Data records

══════════════════════════════

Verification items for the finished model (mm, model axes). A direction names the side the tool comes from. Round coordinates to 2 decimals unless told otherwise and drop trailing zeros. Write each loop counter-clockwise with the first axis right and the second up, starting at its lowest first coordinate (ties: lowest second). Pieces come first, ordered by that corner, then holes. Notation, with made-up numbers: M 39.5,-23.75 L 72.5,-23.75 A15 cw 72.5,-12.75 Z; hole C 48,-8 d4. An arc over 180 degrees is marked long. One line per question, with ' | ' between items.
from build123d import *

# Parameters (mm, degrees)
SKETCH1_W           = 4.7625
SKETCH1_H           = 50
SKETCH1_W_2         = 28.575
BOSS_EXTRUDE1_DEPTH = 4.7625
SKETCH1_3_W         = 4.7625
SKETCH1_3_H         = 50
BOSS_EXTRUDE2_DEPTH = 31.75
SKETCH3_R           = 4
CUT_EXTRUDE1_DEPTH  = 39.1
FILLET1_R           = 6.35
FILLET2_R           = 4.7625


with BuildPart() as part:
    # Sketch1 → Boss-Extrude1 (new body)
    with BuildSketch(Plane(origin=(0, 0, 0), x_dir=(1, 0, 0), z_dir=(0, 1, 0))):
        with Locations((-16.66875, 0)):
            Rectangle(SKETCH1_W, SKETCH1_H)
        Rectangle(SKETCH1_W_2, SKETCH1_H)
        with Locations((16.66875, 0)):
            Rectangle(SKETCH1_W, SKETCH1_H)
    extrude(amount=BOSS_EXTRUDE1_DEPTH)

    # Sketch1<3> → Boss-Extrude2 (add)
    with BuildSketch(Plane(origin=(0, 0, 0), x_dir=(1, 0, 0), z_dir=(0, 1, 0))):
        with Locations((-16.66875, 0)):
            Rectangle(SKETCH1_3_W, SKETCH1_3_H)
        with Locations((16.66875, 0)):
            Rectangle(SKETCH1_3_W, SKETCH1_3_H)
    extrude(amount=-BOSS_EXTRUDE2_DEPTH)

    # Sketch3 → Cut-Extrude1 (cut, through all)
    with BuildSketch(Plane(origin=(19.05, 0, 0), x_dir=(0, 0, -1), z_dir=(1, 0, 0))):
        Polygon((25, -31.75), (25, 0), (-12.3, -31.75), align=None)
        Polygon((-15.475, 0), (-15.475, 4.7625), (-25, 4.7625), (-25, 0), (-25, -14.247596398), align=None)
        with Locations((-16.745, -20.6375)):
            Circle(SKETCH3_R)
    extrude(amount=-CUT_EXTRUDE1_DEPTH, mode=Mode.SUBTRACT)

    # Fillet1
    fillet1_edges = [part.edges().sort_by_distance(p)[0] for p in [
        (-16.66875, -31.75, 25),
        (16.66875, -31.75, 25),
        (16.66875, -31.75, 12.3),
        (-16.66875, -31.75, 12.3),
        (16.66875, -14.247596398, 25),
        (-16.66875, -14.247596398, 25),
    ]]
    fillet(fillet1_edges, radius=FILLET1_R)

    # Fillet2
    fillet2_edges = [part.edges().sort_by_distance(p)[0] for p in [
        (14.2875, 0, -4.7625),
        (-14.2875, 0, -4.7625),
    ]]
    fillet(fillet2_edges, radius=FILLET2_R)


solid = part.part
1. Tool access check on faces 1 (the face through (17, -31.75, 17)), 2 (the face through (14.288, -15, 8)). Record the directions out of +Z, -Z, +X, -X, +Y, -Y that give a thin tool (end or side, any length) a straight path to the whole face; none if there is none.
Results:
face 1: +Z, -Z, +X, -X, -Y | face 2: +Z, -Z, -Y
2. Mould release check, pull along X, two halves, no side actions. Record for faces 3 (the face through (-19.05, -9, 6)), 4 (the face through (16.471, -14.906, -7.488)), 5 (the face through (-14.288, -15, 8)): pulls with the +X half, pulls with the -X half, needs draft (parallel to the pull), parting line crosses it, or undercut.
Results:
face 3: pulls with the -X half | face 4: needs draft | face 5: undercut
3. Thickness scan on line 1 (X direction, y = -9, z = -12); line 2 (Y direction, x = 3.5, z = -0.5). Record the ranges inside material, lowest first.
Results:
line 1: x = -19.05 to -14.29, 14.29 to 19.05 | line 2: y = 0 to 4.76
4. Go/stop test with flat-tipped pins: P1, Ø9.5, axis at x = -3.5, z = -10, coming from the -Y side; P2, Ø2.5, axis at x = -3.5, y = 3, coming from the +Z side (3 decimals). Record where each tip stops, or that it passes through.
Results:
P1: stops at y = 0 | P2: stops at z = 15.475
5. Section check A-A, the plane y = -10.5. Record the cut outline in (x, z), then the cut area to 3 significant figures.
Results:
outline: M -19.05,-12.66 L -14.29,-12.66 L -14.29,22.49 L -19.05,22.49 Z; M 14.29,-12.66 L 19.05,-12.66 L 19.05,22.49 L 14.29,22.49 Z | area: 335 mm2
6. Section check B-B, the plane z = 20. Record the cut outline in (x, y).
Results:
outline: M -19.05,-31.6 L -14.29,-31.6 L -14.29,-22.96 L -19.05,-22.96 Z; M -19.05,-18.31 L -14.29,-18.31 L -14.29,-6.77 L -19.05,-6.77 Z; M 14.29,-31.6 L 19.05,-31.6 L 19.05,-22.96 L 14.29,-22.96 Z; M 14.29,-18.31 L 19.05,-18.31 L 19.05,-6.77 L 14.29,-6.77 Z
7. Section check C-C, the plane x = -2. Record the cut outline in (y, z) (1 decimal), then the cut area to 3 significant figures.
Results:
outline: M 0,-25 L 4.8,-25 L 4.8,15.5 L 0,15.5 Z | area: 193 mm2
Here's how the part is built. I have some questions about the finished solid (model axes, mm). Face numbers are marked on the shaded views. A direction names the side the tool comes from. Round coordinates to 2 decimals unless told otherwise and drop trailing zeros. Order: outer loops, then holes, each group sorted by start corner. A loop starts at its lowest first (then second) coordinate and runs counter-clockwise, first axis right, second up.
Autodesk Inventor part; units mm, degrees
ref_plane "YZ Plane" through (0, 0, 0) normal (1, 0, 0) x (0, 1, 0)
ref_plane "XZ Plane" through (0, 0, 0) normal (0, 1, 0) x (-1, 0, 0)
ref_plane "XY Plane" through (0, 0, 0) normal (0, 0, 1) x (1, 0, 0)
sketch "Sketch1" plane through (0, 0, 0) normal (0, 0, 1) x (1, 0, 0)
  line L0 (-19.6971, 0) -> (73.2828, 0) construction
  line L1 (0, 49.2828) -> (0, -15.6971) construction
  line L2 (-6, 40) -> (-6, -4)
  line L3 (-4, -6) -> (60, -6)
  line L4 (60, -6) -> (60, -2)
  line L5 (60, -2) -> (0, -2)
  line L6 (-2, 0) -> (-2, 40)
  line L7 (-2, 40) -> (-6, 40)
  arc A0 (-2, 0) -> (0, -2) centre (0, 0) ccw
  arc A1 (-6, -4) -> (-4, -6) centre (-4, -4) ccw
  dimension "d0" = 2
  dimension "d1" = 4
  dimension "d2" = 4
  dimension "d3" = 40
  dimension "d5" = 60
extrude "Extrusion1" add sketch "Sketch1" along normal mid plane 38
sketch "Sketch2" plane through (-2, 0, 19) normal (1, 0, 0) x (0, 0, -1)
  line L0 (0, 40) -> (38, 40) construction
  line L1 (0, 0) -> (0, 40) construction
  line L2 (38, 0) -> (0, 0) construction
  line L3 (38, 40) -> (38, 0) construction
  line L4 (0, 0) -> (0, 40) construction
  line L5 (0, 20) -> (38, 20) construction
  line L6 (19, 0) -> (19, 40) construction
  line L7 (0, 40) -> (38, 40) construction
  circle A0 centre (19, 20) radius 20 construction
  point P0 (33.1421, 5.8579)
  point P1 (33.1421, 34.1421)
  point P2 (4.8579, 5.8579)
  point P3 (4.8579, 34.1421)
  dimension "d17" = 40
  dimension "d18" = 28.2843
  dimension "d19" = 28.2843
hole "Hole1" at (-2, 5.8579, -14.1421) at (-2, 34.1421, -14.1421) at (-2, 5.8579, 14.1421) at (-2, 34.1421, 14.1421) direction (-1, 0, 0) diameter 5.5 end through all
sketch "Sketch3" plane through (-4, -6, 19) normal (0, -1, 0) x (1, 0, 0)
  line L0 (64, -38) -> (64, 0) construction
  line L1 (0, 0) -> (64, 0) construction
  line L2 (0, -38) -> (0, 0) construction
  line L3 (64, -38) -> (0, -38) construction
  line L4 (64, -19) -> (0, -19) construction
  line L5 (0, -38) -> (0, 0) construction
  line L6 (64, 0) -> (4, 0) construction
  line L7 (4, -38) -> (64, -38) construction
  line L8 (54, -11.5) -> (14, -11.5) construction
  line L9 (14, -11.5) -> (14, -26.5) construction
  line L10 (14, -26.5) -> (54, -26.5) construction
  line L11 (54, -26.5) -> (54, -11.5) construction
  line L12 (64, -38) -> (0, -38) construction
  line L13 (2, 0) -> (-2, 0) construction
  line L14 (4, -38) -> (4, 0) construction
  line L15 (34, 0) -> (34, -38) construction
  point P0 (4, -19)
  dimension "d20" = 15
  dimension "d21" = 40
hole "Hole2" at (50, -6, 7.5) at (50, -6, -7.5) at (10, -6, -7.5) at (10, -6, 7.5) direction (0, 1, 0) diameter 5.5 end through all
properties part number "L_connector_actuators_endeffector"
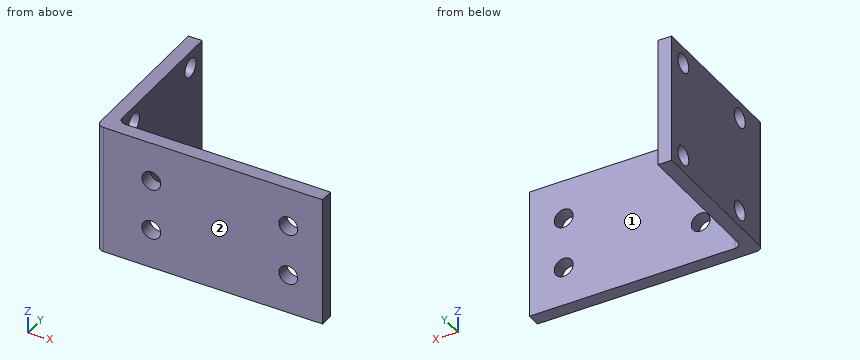
1) I'm going to push flat-ended pins straight in: pin 1 (12 mm diameter, centred on y = 26.5, z = -7.5, fed in from +X); pin 2 (4 mm diameter, centred on x = 53, z = 8.5, fed in from +Y). Where does each tip first touch, or does it pass through?
2) If we section it at A-A (z = -7.5): Write out the boundary of the cut face in (x, y).
3) If we section it at B-B (x = 50): Write out the boundary of the cut face in (y, z), plus the area to 3 significant figures.
4) I need wall thicknesses on line 1 (Z direction, x = 10, y = -4.8); line 2 (X direction, y = -4.55, z = 7.5); line 3 (X direction, y = -5.2, z = 7.5). Which ranges of each line are inside material? Lowest first, please.
5) If we section it at D-D (z = 14.5): Write out the boundary of the cut face in (x, y).
6) For the marked faces 1 and 2, which set-ups out of +Z, -Z, +X, -X, +Y, -Y let a thin tool reach every point of the face, with its end or its side?
7) If we section it at C-C (y = 33): Write out the boundary of the cut face in (x, z).
Solutions:
1. pin 1: stops at x = -2
1. pin 2: stops at y = -2
2. outline: (-6, -4) arc R2 ccw to (-4, -6) - (7.25, -6) - (7.25, -2) - (0, -2) arc R2 cw to (-2, 0) - (-2, 40) - (-6, 40) - close; (12.75, -6) - (47.25, -6) - (47.25, -2) - (12.75, -2) - close; (52.75, -6) - (60, -6) - (60, -2) - (52.75, -2) - close
3. outline: (-6, -19) - (-2, -19) - (-2, -10.25) - (-6, -10.25) - close; (-6, -4.75) - (-2, -4.75) - (-2, 4.75) - (-6, 4.75) - close; (-6, 10.25) - (-2, 10.25) - (-2, 19) - (-6, 19) - close
3. area: 108 mm2
4. line 1: z = -19 to -10.25, -4.75 to 4.75, 10.25 to 19
4. line 2: x = -5.92 to 7.25, 12.75 to 47.25, 52.75 to 60
4. line 3: x = -5.6 to 7.25, 12.75 to 47.25, 52.75 to 60
5. outline: (-6, -4) arc R2 ccw to (-4, -6) - (60, -6) - (60, -2) - (0, -2) arc R2 cw to (-2, 0) - (-2, 3.13) - (-6, 3.13) - close; (-6, 8.58) - (-2, 8.58) - (-2, 31.42) - (-6, 31.42) - close; (-6, 36.87) - (-2, 36.87) - (-2, 40) - (-6, 40) - close
6. face 1: +Z, -Z, +X, +Y
6. face 2: +Z, -Z, +X, -X, -Y
7. outline: (-6, -19) - (-2, -19) - (-2, -16.64) - (-6, -16.64) - close; (-6, -11.64) - (-2, -11.64) - (-2, 11.64) - (-6, 11.64) - close; (-6, 16.64) - (-2, 16.64) - (-2, 19) - (-6, 19) - close

══════════════════════════════

Required action
Gather up every line in the data above that contains the word "faces", copying each one.

Expected answer
1. Tool access check on faces 1 (the face through (17, -31.75, 17)), 2 (the face through (14.288, -15, 8)). Record the directions out of +Z, -Z, +X, -X, +Y, -Y that give a thin tool (end or side, any length) a straight path to the whole face; none if there is none.
2. Mould release check, pull along X, two halves, no side actions. Record for faces 3 (the face through (-19.05, -9, 6)), 4 (the face through (16.471, -14.906, -7.488)), 5 (the face through (-14.288, -15, 8)): pulls with the +X half, pulls with the -X half, needs draft (parallel to the pull), parting line crosses it, or undercut.
6) For the marked faces 1 and 2, which set-ups out of +Z, -Z, +X, -X, +Y, -Y let a thin tool reach every point of the face, with its end or its side?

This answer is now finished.